No es cierto que el socialismo, al menos en la teoría, elimine las clases sociales. Lo que busca es superar las causas estructurales de la desigualdad humana: la desigualdad entre el campo y la ciudad, entre el hombre y la mujer, entre el trabajo manual y el trabajo intelectual – a lo que se le suman otra serie de desigualdades, de raza, de género -, instaurando así una sociedad socialista, basada en la expropiación de la gran burguesía y en la nacionalización de los medios de producción.
No obstante, en Cuba, en condiciones de penuria económica – provocada en buena, pero no en sola medida por el bloqueo prolongado y una ortodoxia económica marxista particular -, el desarrollo desigual se ha reinstalado de manera notoria entre el campo y la ciudad y de forma invertida entre el trabajo manual y el intelectual. A la par, las desigualdades de raza y de género, con la crisis económica, se han hecho más notables. Al ampliar el control del Estado sobre la sociedad, apoyado en el cuestionado modelo de partido único, el socialismo terminó navegando contra la corriente de su propia utopía, multiplicando, como también lo hace el Estado capitalista, la burocracia y, con ella y con el tiempo, el descontrol y la corrupción.
En ese contexto, y como corolario de la crisis, el error de las dos monedas en circulación – el devaluado peso cubano y el convertible (CUC) que, de forma tardía, fue eliminado -, no hacía más que reflejar la bifurcación y la degradación de la economía cubana. Se crearon una economía capitalista, legal y restringida, que nutre las precarias arcas del Estado y subvenciona la menguada economía socialista, y otra economía paralela y subterránea, en que se debate buena parte de la sociedad.
Dicha economía paralela, hay que decirlo, no es un pecado del socialismo, sino que es, desde la Antigüedad, un recurso histórico de la humanidad, que se potencia en épocas de crisis, en casi todos los modos de producción, incluso en aquellos que han alcanzado elevados grados de igualdad.
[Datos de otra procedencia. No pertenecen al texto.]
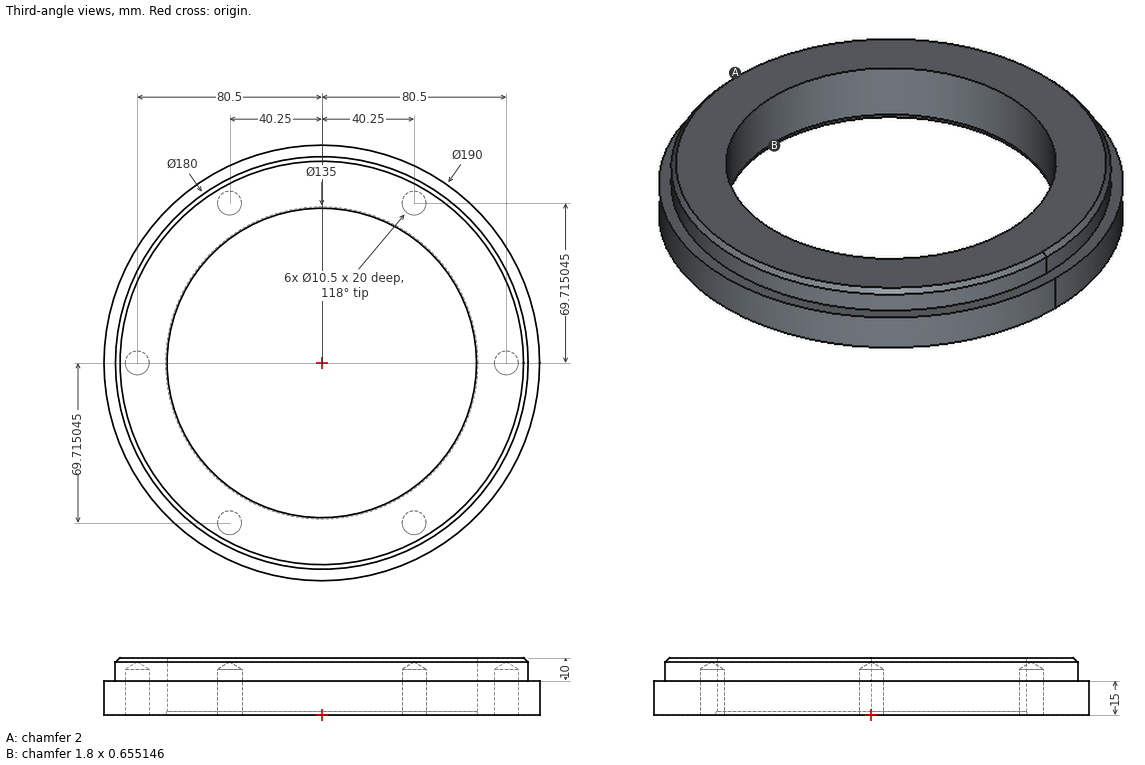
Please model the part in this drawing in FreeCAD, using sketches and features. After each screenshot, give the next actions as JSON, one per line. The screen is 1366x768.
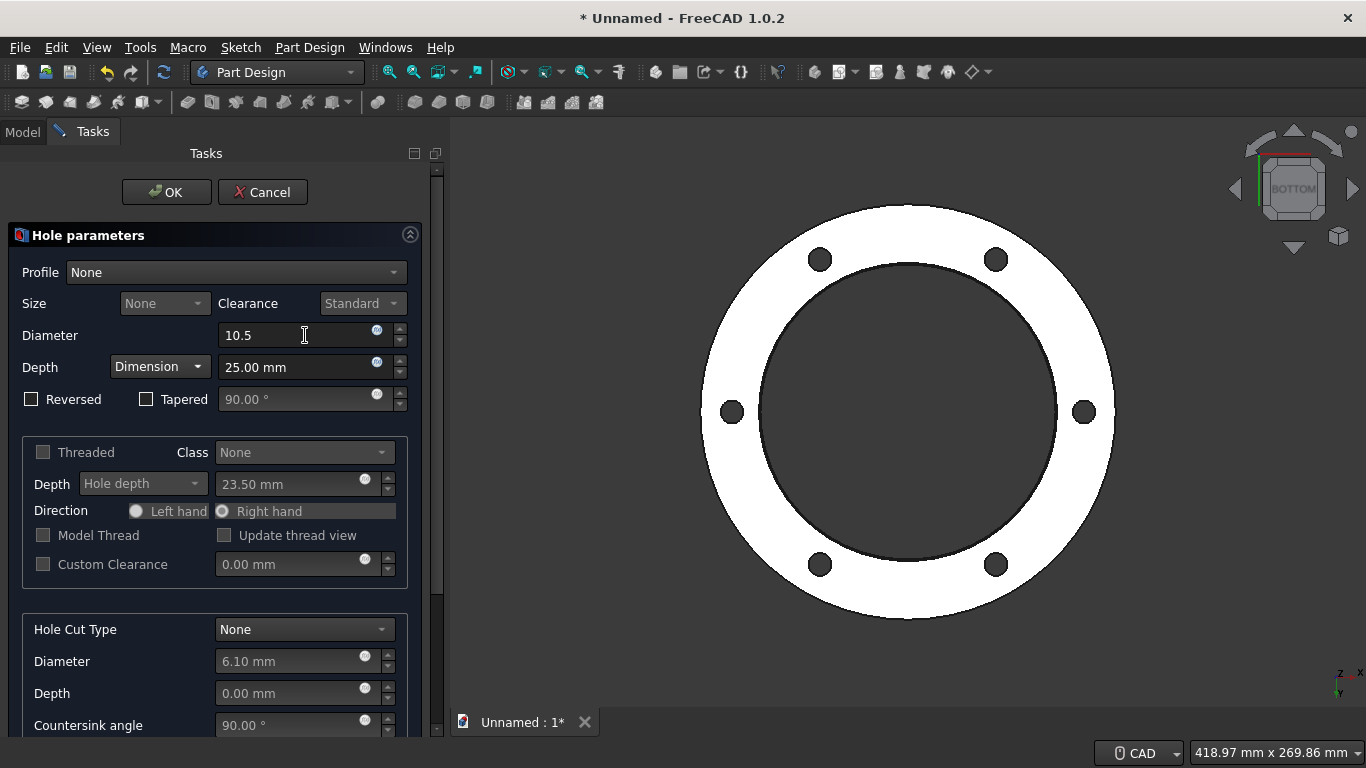
{"action": "triple_click", "coordinate": [305, 367]}

En fin, no lograr resolver con suficiencia y, en buena medida por imposibilidad, discurso revolucionario rayado y burocracia, los viejos problemas de la democracia socialista, del abastecimiento y los servicios públicos de la población, agravados ahora por la crisis de la salud generada por la pandemia, le pasó la cuenta de cobro a la revolución.
Las protestas, las quejas, las demandas de libertad, que parecen inusitadas, pero que son viejas y reiteradas, denotan el cansancio y el inconformismo de amplios sectores de la población. Estos sectores deben ser, no reprimidos, sino escuchados porque, en épocas de profunda crisis, en la calle y en las redes – y no solo en la tras escena del poder y de la historia – es donde se están gestando las transformaciones sociales, las revoluciones y las contrarrevoluciones.
No obstante, y así haya gente que lo vea como un pretexto, en la anacrónica y permanente política injerencista y en esa sed de odio y de venganza de los Estados Unidos frente a los países que lo han confrontado, o han intentado retar su hegemonía, siguen estando las claves para entender buena parte del problema de Cuba.
Por lo demás, aunque haya rasgos marcados del legado soviético, la Cuba de hoy no es estalinista, como dicen algunos, mucho menos trotskista o leninista, como pueden suponer otros. Cuba es ideológica y, si se quiere, espiritualmente socialista y ‘fidelista’. Es ese legado histórico y utópico el que puede explicar mejor no solo el problema de Cuba, sino también sus logros, así como la prolongada resistencia de los cubanos, con su abnegada y valerosa defensa de la soberanía y la revolución.
*León Arled Flórez, historiador colombo-canadiense.